I was in primary school when Astronauts Neil Armstrong and Buzz Aldrin walked on the moon. I remember tuning in for all the Apollo missions on TV and the radio. Like all young people from that era, I had eagerly collected all the space paraphernalia from the cereal packs, the newspapers, the local toy shops.
Many of you know that back then I did not know the Gospel of Jesus as I did not grow up in any Church. Only recently have I learned of the extraordinary Christian witness of many of the Apollo astronauts. I missed the significance of it back then. In this era of the 50th Anniversary of the Lunar landing, the people of the worlf have been reminded of many of those stories of Christian witness.
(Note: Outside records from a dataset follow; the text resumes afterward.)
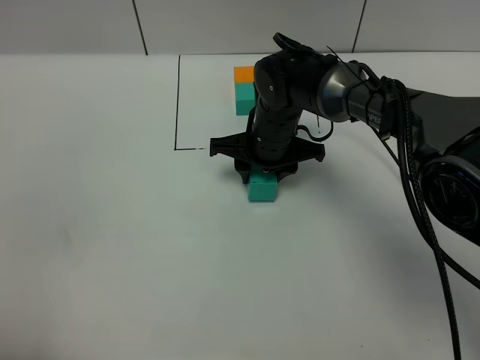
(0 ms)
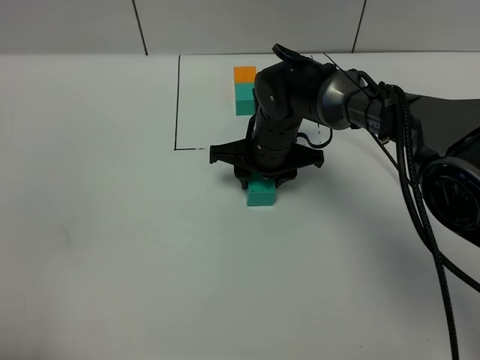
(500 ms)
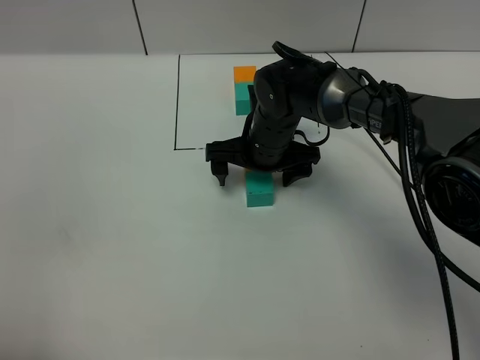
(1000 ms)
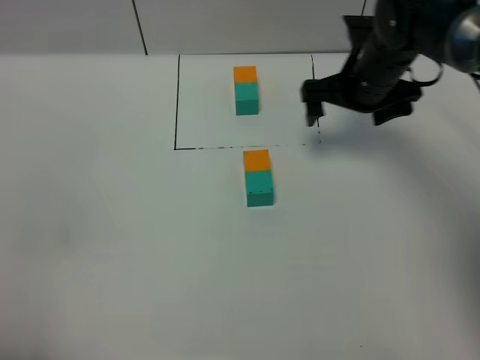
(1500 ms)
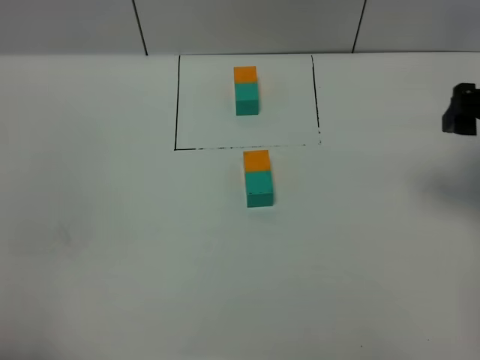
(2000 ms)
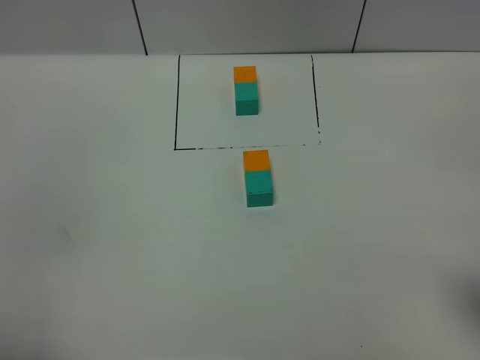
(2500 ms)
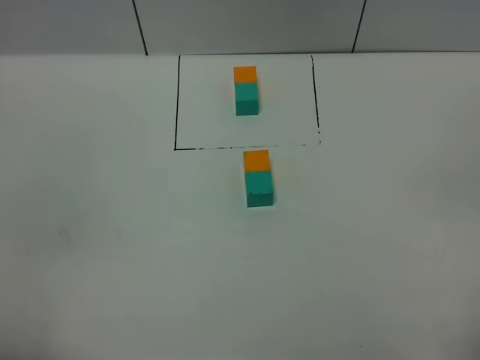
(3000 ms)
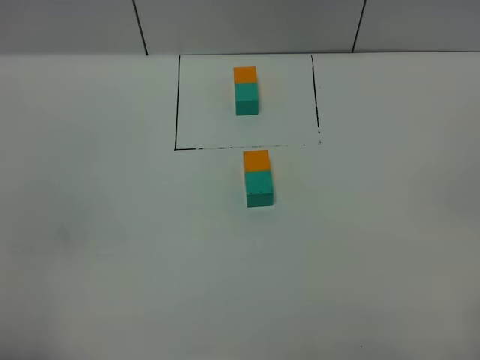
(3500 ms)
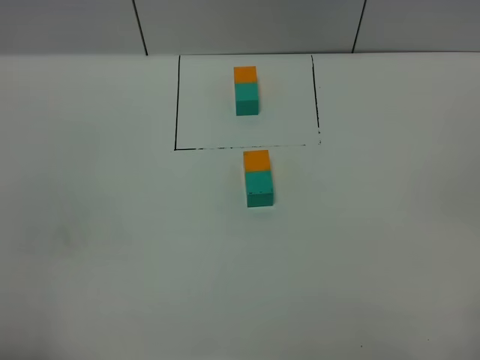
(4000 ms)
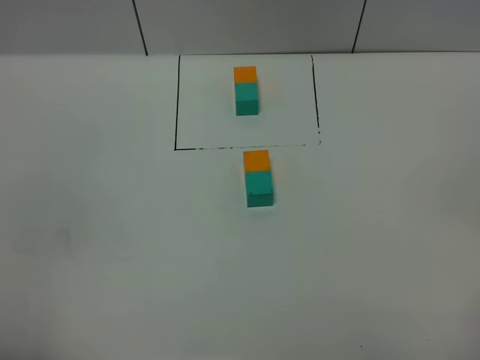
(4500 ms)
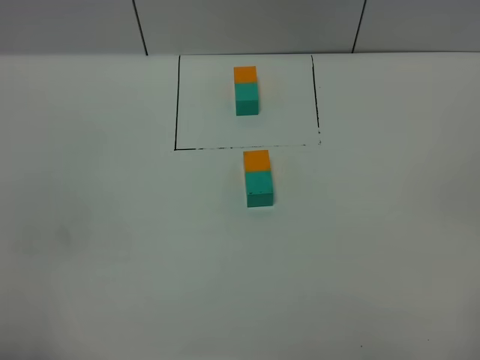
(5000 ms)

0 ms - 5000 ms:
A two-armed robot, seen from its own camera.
Task of the whole recording: According to the building block template in front, assemble the scattered blocks together.
0 ms - 2500 ms: The right gripper heads backward, to the right and upward, covering approximately 40 cm, and opens up.

For example, when the astronauts of Apollo 8 had circled the moon and were headed back to earth, the three: Jim Lovell, Bill Anders and Frank Borman took turns to recite the creation story from Genesis chapter 1. At the time, this was the most watched television broadcast in human history. “In the beginning, God created the heaven and the earth. The earth was without form and void, and darkness was upon the face of the deep; and the Spirit of God moved upon the face of the waters. And God said, “Let there be light and there was light. And God saw the light and it was good.” They read through the whole chapter. Their reading had a profound impact on the people who listened.
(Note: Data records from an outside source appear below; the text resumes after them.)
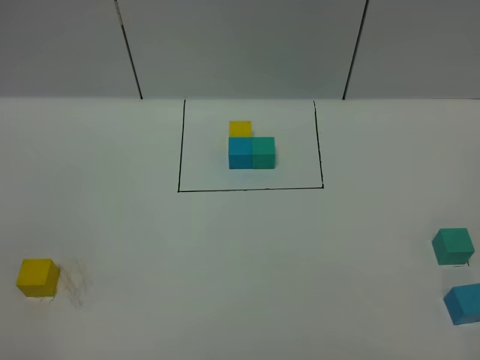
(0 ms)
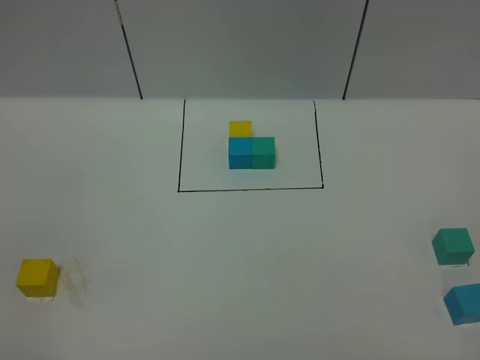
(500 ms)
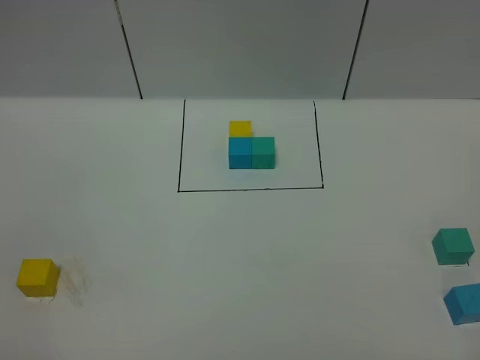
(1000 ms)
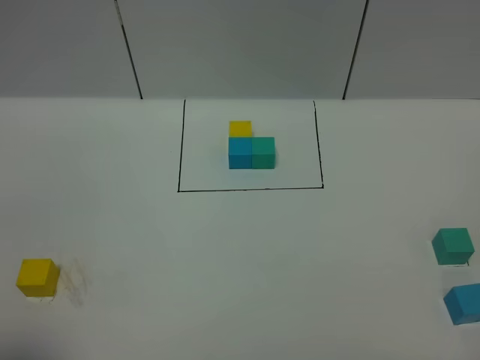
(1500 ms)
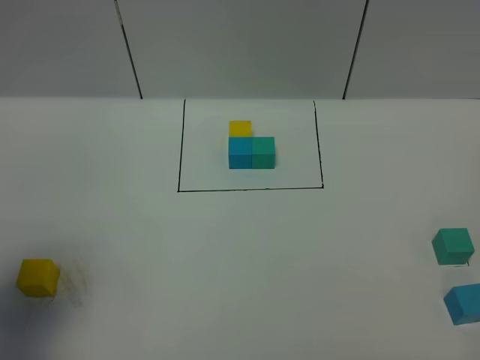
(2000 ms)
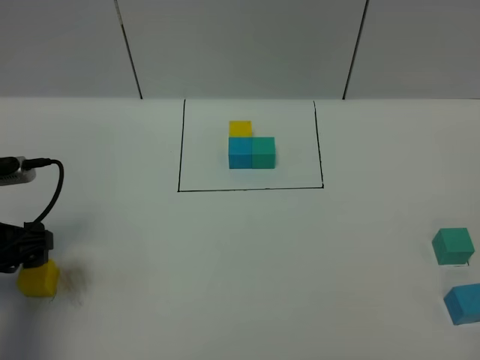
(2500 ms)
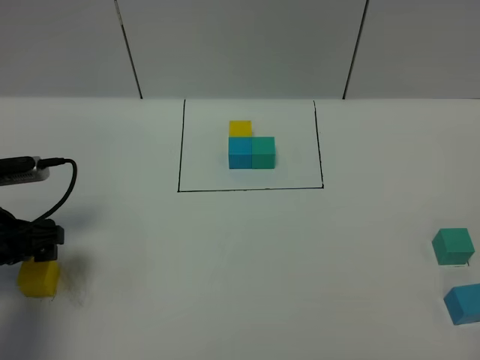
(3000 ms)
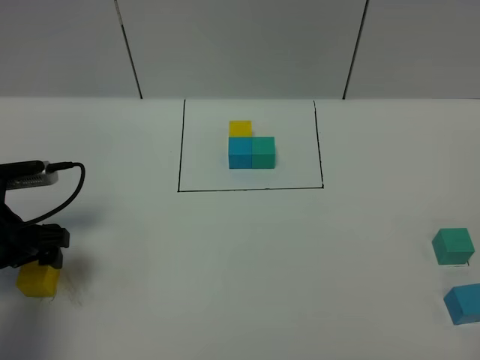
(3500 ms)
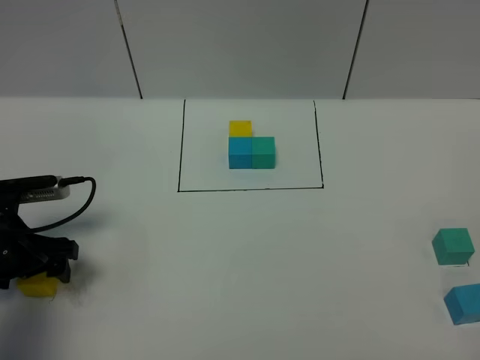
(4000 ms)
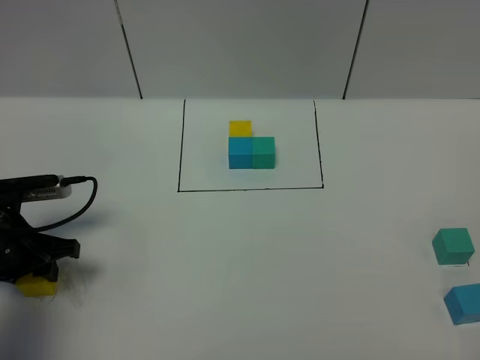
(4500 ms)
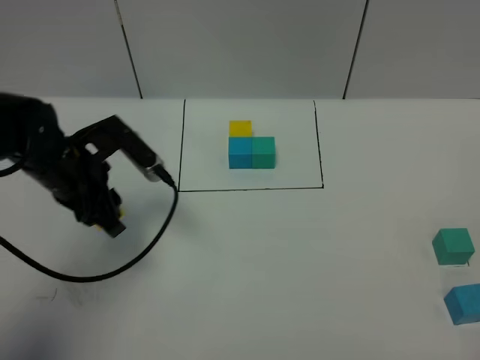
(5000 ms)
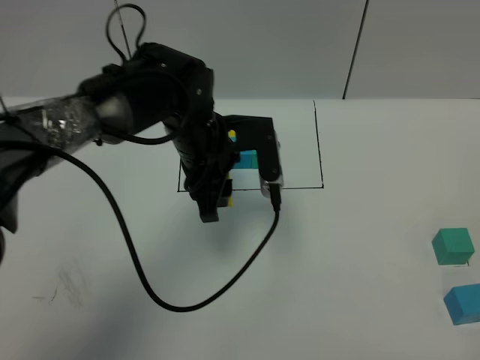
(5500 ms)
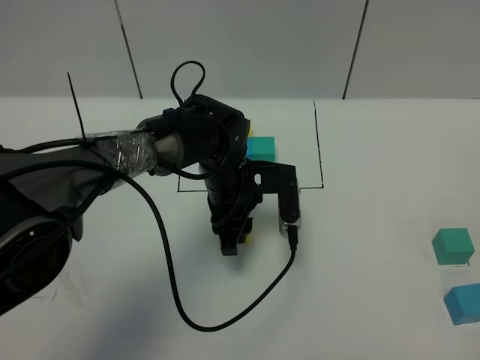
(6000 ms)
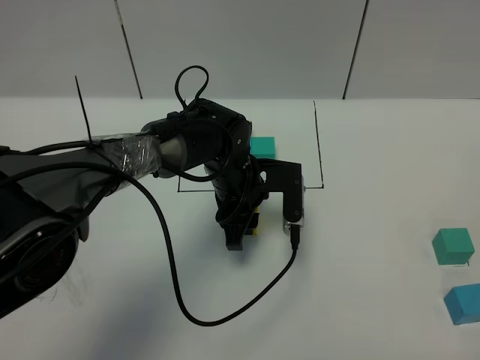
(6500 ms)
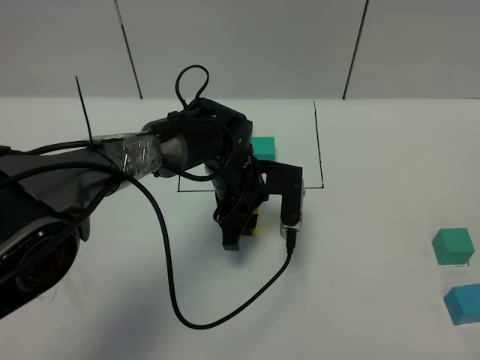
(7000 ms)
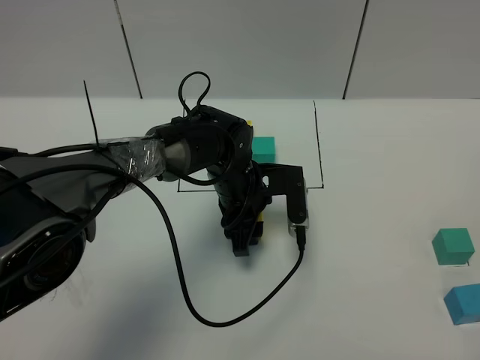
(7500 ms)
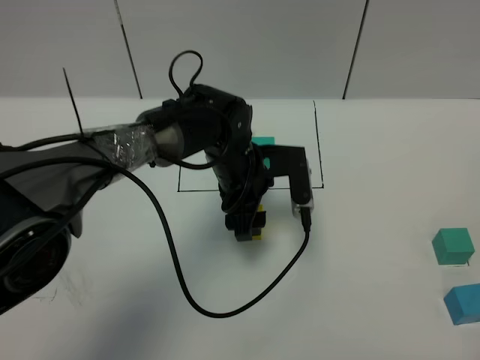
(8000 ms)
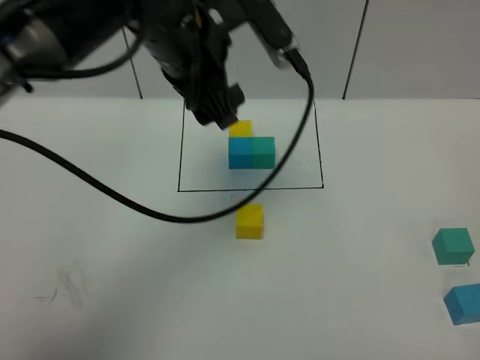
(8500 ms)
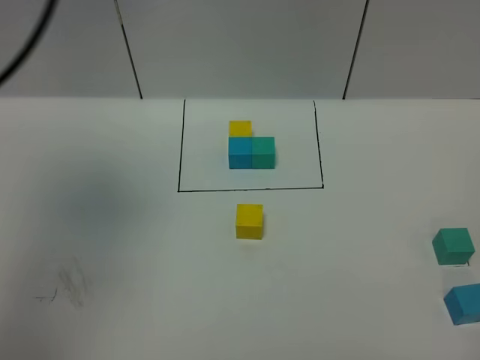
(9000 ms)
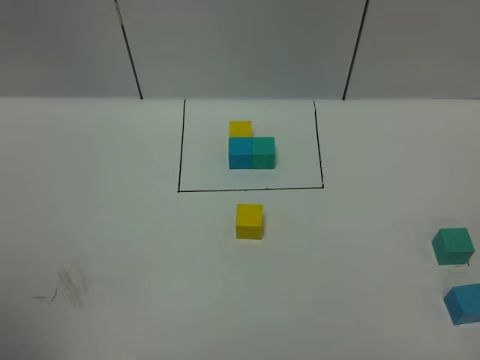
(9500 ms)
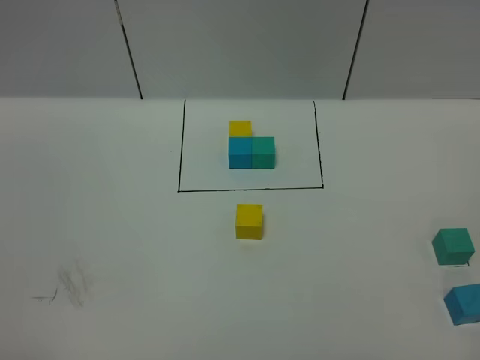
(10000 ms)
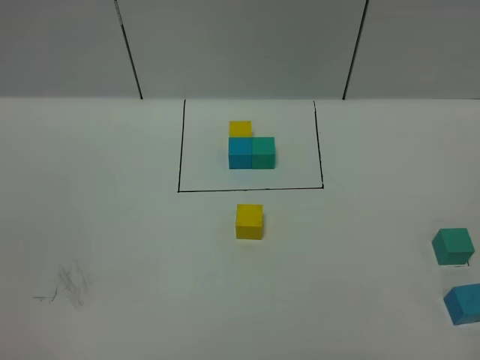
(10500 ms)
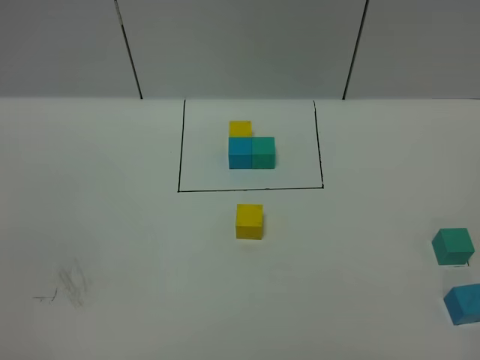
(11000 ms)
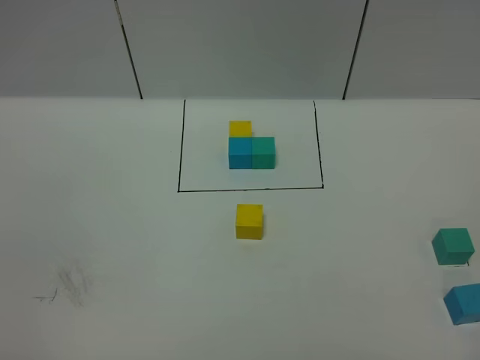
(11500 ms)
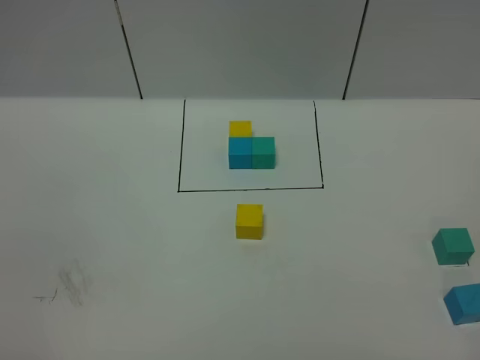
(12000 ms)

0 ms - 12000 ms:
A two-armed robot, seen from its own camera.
Task of the whole recording: According to the building block template in front, assemble the scattered blocks together.
Step, 2500 ms - 8000 ms: Put the yellow cube in the center of the table.
0 ms - 2000 ms: The left gripper shifts roughly 20 cm forward, and opens.
2000 ms - 4000 ms: The left gripper moves downward and forward, approximately 15 cm.
4000 ms - 6000 ms: The left gripper travels to the right by about 30 cm, and closes up.
6000 ms - 8000 ms: The left gripper opens its fingers.
8000 ms - 10000 ms: The left gripper shifts about 60 cm backward, to the left and upward.

Then on the moon on July 20, 1969, Buzz Aldrin (the second person on the moon) who was a Presbyterian Elder, actually took a mini holy communion kit in the personal items allowed him. On the moon he said, “I’d like to take this opportunity to ask every person listening in, whoever and wherever they may be, to pause for a moment and contemplate the events of the past few hours and to give thanks in his or her own way.” Aldrin then silently recited the words of our Lord Jesus from John 15:5 “I am the vine, you are the branches. Whoever remains in me, and I in him will bear much fruit for you can do nothing without me.” and he proceeded to conduct a Holy Communion service for himself – on the moon, although it was not broadcast back to earth (NASA did not give permission for his little service to broadcast).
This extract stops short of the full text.